The attempt to reflate the markets at all-time highs in both equities and Treasuries may start a series of reactions that are negative for both.


Did Ben Bernanke just drop a bunker buster bomb on the markets?

Let's begin with the latest Fed announcement. The Fed's Open Markets Operations desk will immediately start buying $40 billion in Mortgage-Backed Securities (MBS) per month, or about $10 billion each week. At the same time, the Fed will continue Operation Twist by purchasing $45 billion in "longer-term" Treasuries, sterilized by $45 billion or so in 1-3 year bonds. Unfortunately, at the end of the year it runs out of short-term paper to sell.

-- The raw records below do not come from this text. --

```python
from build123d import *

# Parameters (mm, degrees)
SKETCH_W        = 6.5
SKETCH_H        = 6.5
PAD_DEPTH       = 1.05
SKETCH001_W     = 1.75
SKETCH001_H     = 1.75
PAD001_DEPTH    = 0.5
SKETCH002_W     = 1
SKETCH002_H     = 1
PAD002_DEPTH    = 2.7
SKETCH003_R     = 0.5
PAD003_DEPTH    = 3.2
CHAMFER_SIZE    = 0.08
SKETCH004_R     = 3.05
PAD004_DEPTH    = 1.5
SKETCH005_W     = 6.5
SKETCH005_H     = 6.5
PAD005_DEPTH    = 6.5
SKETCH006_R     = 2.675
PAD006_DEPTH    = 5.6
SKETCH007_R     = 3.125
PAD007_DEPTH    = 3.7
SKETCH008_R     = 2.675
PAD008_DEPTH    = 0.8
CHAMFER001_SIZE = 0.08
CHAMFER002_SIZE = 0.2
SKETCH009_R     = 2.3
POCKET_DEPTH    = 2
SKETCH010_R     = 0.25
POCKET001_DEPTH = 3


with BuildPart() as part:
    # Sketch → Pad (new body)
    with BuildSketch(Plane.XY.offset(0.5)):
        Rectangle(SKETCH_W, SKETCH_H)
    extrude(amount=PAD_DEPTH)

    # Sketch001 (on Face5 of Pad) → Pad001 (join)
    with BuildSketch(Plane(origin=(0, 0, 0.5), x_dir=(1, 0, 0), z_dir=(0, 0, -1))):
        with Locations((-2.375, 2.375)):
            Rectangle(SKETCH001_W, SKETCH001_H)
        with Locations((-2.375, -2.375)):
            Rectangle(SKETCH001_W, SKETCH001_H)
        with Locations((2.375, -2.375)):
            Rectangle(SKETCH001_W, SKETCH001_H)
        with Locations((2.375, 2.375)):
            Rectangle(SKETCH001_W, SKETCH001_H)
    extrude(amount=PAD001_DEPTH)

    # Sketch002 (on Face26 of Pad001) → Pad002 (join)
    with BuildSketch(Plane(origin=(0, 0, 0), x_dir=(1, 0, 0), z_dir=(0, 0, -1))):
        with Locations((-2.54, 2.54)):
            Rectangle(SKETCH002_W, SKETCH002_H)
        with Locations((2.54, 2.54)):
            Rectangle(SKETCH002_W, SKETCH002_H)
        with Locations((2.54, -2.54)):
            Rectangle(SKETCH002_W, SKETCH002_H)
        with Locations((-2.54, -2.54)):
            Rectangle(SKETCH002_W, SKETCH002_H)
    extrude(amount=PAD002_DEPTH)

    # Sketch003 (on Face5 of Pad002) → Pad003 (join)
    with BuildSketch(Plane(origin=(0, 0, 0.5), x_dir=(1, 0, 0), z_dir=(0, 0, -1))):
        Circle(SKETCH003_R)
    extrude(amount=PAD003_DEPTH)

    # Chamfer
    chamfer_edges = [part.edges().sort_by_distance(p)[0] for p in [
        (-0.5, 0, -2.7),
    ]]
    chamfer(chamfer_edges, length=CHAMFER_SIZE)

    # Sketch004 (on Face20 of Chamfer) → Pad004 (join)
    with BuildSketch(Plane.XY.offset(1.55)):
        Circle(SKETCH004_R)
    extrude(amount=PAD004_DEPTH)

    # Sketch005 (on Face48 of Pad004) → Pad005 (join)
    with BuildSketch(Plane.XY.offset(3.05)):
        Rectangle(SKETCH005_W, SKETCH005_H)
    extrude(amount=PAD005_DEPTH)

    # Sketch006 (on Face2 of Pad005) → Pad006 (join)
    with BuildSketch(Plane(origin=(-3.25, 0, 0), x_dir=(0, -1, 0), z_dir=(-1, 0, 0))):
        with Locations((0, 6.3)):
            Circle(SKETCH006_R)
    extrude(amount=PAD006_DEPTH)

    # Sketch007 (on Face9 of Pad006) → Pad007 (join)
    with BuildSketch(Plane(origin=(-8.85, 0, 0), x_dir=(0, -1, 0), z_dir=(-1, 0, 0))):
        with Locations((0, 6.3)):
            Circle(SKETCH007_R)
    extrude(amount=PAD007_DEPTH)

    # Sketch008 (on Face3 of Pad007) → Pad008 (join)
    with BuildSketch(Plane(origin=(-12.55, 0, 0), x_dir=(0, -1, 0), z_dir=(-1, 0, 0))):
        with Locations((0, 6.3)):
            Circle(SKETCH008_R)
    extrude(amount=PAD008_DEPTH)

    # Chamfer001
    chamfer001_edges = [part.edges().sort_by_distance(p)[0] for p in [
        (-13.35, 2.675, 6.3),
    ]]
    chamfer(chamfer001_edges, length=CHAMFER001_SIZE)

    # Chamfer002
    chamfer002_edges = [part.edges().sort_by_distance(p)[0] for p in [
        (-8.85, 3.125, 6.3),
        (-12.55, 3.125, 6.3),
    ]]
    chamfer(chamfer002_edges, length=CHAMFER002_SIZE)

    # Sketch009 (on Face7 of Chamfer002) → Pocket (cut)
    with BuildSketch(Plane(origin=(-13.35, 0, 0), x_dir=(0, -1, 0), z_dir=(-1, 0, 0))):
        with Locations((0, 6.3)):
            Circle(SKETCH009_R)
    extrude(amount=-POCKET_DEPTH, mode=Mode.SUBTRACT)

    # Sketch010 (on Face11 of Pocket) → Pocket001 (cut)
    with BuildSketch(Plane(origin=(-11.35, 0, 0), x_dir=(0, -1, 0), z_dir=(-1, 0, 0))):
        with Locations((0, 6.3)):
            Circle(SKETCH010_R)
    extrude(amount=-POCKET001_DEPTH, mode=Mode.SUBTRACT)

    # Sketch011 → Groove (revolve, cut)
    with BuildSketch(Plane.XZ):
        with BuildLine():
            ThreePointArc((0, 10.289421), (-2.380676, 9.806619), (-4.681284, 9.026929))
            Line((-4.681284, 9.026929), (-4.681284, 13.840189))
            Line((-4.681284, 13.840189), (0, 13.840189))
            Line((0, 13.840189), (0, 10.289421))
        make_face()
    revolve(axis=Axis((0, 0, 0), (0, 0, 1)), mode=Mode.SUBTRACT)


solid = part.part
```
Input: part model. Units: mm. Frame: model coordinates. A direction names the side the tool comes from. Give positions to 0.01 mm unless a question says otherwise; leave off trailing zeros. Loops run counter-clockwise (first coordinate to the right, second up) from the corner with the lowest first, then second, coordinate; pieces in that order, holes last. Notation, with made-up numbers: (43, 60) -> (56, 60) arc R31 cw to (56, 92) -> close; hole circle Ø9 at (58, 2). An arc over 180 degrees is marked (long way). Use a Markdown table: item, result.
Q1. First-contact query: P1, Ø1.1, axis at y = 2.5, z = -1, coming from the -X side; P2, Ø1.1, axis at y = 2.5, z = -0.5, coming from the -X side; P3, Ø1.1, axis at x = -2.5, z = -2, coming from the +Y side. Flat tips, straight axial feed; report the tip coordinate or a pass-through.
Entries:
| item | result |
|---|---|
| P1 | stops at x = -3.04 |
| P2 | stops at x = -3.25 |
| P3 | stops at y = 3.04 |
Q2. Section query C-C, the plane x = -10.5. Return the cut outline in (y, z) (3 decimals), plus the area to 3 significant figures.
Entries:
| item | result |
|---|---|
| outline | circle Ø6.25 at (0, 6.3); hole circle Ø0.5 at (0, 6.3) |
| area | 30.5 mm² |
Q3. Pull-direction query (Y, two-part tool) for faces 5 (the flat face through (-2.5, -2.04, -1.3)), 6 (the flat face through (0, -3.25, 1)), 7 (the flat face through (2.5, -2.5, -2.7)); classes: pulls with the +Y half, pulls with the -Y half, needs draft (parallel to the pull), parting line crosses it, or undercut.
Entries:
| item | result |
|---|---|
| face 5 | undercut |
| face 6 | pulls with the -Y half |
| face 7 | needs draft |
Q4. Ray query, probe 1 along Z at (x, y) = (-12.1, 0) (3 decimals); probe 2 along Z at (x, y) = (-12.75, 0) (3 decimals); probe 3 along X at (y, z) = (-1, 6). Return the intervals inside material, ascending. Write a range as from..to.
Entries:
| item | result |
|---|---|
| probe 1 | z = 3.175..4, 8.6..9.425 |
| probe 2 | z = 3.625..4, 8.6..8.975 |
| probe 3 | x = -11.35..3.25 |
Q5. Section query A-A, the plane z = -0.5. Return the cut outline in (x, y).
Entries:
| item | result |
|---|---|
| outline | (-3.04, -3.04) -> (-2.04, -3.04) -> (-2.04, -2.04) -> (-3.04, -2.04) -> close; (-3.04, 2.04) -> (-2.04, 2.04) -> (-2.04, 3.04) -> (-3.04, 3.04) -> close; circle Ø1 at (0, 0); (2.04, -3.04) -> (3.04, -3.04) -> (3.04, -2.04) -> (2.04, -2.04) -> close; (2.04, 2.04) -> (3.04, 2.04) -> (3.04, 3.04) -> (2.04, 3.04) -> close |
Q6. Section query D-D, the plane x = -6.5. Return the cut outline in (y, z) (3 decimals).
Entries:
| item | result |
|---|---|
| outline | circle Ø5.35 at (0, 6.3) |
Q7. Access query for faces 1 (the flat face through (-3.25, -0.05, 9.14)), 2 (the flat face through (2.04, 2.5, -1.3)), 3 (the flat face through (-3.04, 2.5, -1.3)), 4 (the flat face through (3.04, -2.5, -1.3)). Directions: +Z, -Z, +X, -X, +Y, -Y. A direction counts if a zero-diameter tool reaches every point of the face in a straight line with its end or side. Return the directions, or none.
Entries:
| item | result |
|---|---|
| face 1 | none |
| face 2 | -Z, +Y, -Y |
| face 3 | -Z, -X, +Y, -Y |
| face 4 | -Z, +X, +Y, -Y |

Every month in 2013, the Fed will increase its balance sheet by $85 billion consisting of $40 billion in MBS and $45 billion in 10-30 year Treasuries, up to the natural monthly supply of longer-dated US Treasuries. It appears the Fed may monetize roughly half of the US budget deficit in 2013.

From July 2011 through June 2012, foreign holders of Treasury Bonds and notes have been purchasing $30.6 billion of longer-dated Treasuries per month. To date in 2012, the average US Treasuries issuance per month has averaged $82.83 billion per month. This leaves an average of $7.2 billion of net issuance available to banks, pensions, and private individuals. Could that be a problem?

The bond market thinks it spells trouble. On the day of Bernanke's speech, US Treasury yields spiked to 3.108% from the low of 2.663% just two weeks ago, causing a technical breakout above the previous high of 2.982%. This portends rising yields through the rest of the year -- reaching or possibly exceeding the 3.612% yield shown at the weekly mid-cycle line.

What's more, starting in 2013, new rules in the Dodd-Frank Act, designed to prevent another meltdown, may force traders to post US Treasury bonds or other top-rated holdings to guarantee more of their bets. The change takes effect as the $10.8 trillion market for Treasuries is already stretched thin by banks rebuilding balance sheets and investors seeking safety, leaving fewer bonds available to backstop the $648 trillion derivatives market.

Is it possible that the very law designed to reduce risk in the markets may cause unintended consequences, especially after the Fed announcement?